On Oct 7, 2008, at 11:58 AM, David Reitter wrote:

> On 7 Oct 2008, at 14:49, Ian Eure wrote:
>>> then, suddenly, "ls" does the right thing!  I'm not sure what the  
>>> correct setting for the language bit would be - en_US.UTF-8 works  
>>> just as well.
>> The format is:
>> e.g. en_US.UTF-8 is US English encoded in UTF-8.
> Well yeah, I tried de_DE first because my test file name had a  
> German language umlaut, but the language doesn't matter for the  
> coding when it's UTF-8.  The real question is how I would detect the  
> right language from the user's settings.  You address this question:
I'm sure there's some API you can get it from, as well. This is  
definitely not what you want, though. I don't know if you tried this,  
but give it a shot:

LANG=de_DE.UTF-8 ls --help

>> I don't know if Emacs even has the ability to set environment  
>> variables for inferior processes. I think this is the job of your  
>> shell or system init files. I'd suggest adding this to your  
>> ~/.profile:
>> eval `locale | sed 's/^/export /'`
> Well I wouldn't ever want to alter the user's .profile from  
> Aquamacs, but of course I can set an env variable from within Emacs,  
> and inferior processes should inherit that.
> (M-x shell does not seem to start a login shell, by the way - just a  
> shell).
> The other problem is that from M-x shell, this is my locale:
> ~$ locale
> and from a login shell opened in iTerm, I get
> ~$ locale
> Neither of them would be sufficient to display non-ASCII file names.
Hm, yeah, locale sets LC_* based on LANG. If it's not set, you get  
"C", which is the legacy UNIX locale. In Terminal's preferences,  
there's a "Set LANG environment variable on startup" checkbox, so I  
assume it has some way to query the system-wide preferences to get  
that. I think you need to do the same thing in Aquamacs.

> Isn't at least the coding part of the locale up to the terminal that  
> is being used, i.e. Emacs with it's shell buffer?
Well, you can't set just the encoding part. You have to set the full  
locale, so you need to know what that is first.

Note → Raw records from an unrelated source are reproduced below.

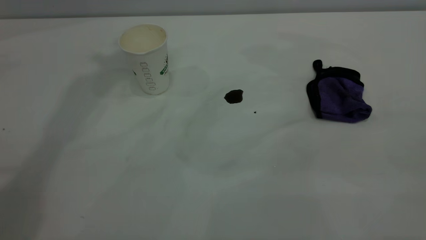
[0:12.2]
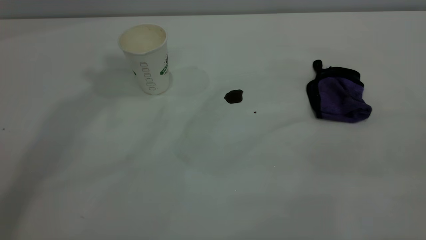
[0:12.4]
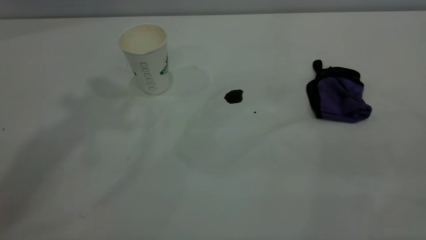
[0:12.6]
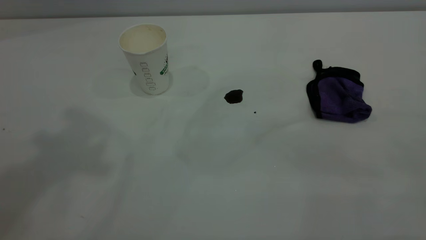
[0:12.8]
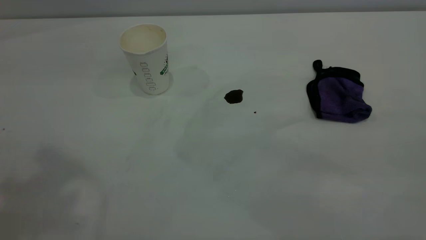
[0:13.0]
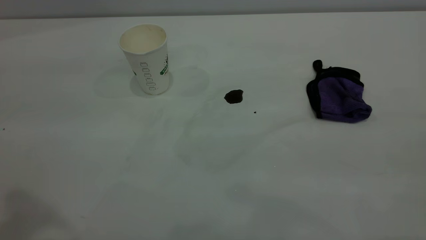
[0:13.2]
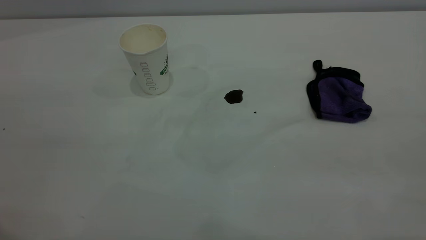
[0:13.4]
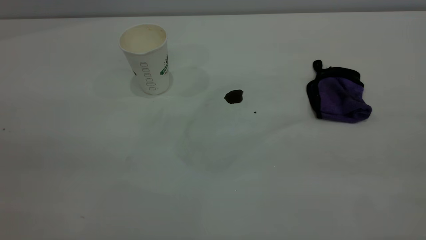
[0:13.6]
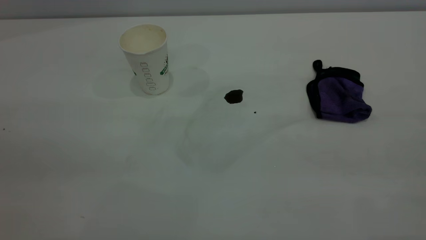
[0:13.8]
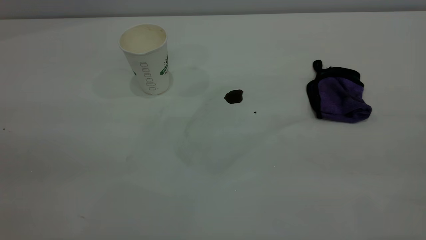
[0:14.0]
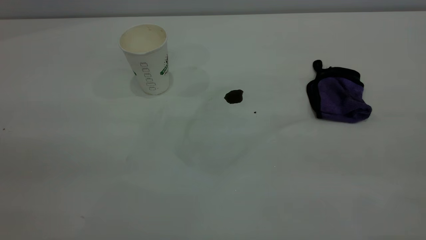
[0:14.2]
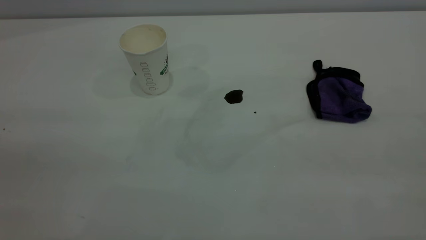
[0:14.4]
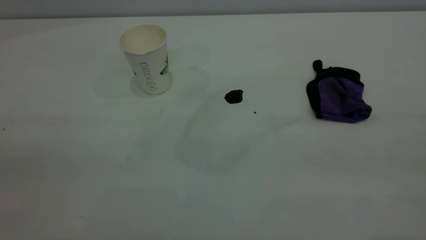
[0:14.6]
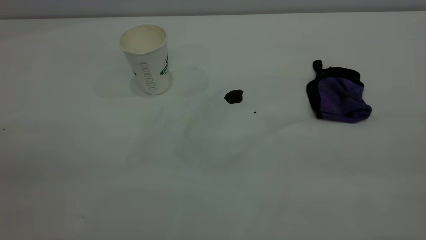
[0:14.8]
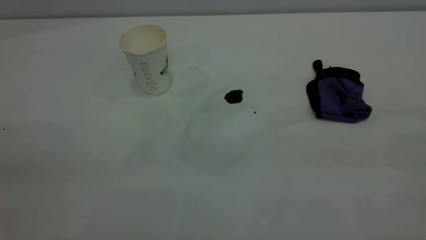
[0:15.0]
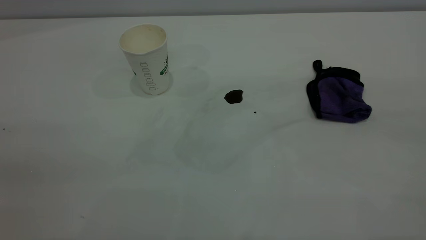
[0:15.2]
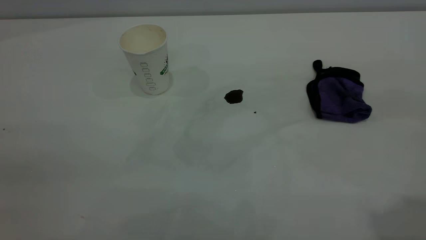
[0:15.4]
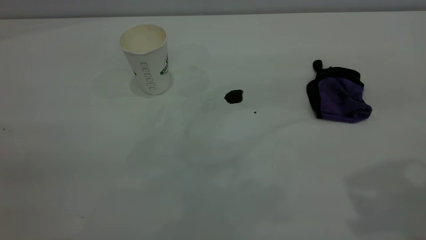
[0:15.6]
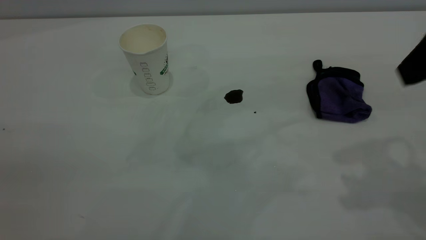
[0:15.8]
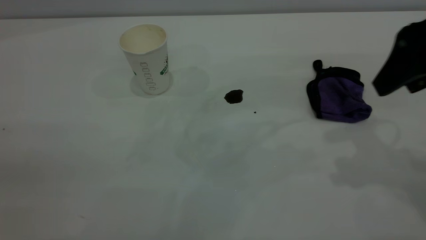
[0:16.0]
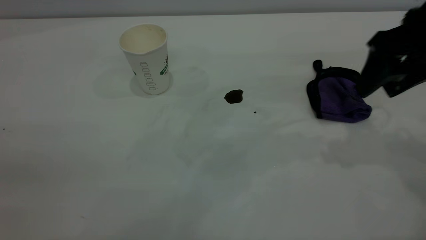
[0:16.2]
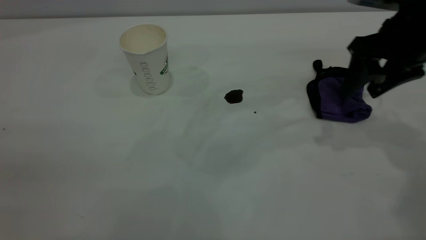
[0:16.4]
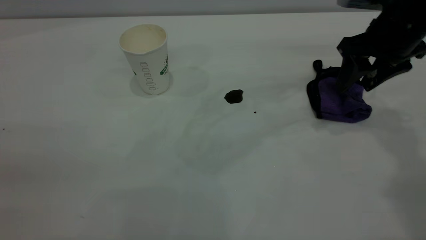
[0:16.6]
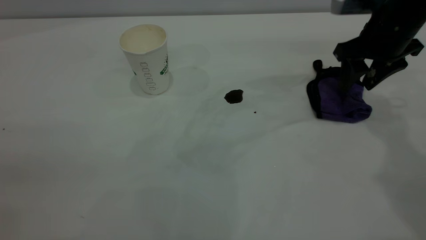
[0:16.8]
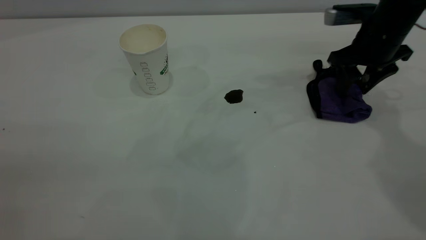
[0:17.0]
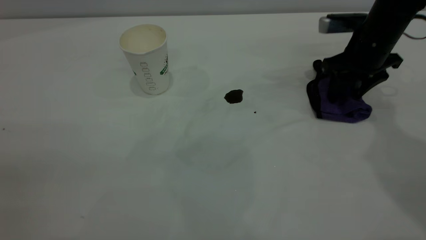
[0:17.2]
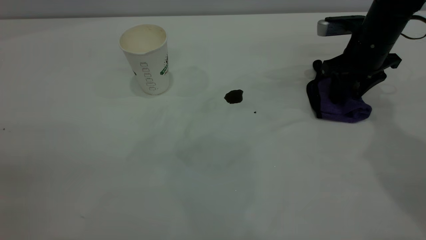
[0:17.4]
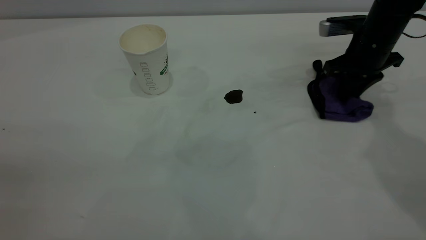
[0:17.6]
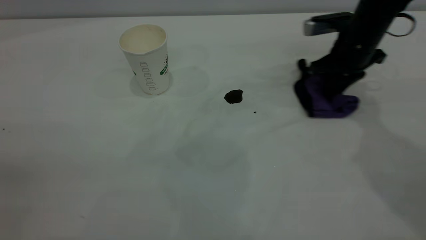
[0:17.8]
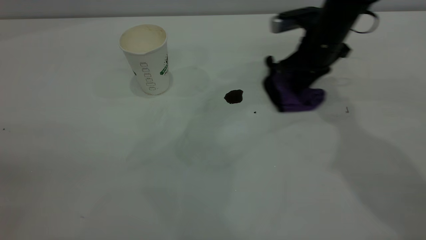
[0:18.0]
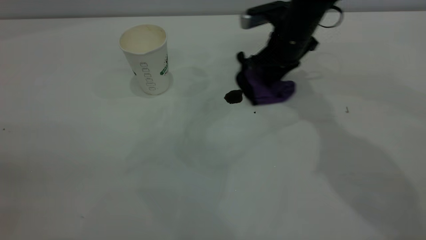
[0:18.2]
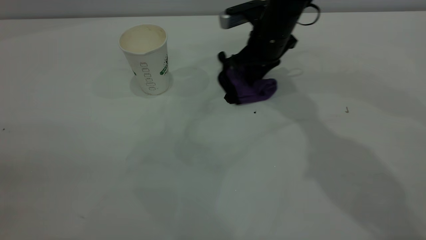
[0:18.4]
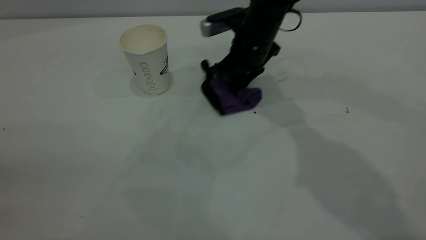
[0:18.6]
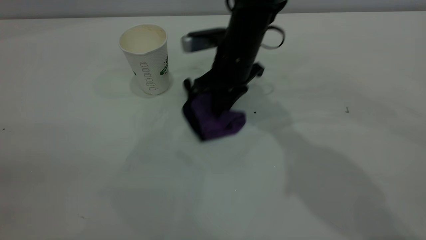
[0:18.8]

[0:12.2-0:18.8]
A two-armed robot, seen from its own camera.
Task of the whole recording: the left gripper pick up the fallen cup and place it upright, the right gripper grasp the purple rag and wipe the coffee stain on the table, the right gripper put the purple rag back in its original position.
0:15.4 to 0:17.2: The right gripper travels forward and downward by roughly 40 cm.
0:17.2 to 0:18.8: The right gripper shifts about 25 cm to the left, and closes up.

>> Setting the coding-system for process I/O like you did (C-x RET p)  
>> is a part of setting your language environment. I'd suggest you set  
>> it to UTF-8, which can be accomplished by going to Options ->  
>> Language -> Set Language Environment -> UTF-8.
> So, just to make it clear, you're suggesting that we set the default  
> language environment that an Aquamacs user gets, to UTF-8?
> Sounds to me like this has some grave implications.  Originally I  
> was thinking of just modifying what M-x shell does, but of course  
> one could consider this.
Yeah, I don't think you should do that. I was just saying that it  
would be a good idea for you personally, not as a default for  
Aquamacs. It will make sense at some point in the (hopefully not too  
distant) future, as UTF-8 will replace other encodings.

I see nothing wrong with:

  - Determining the user’s locale
  - Determining the preferred encoding (from the chosen language  
  - Setting $LANG to that locale/encoding - if it's not already set.  
Probably be a good idea to warn if the chosen language environment  
clashes with $LANG.
  - Setting process I/O to match that encoding

  - Ian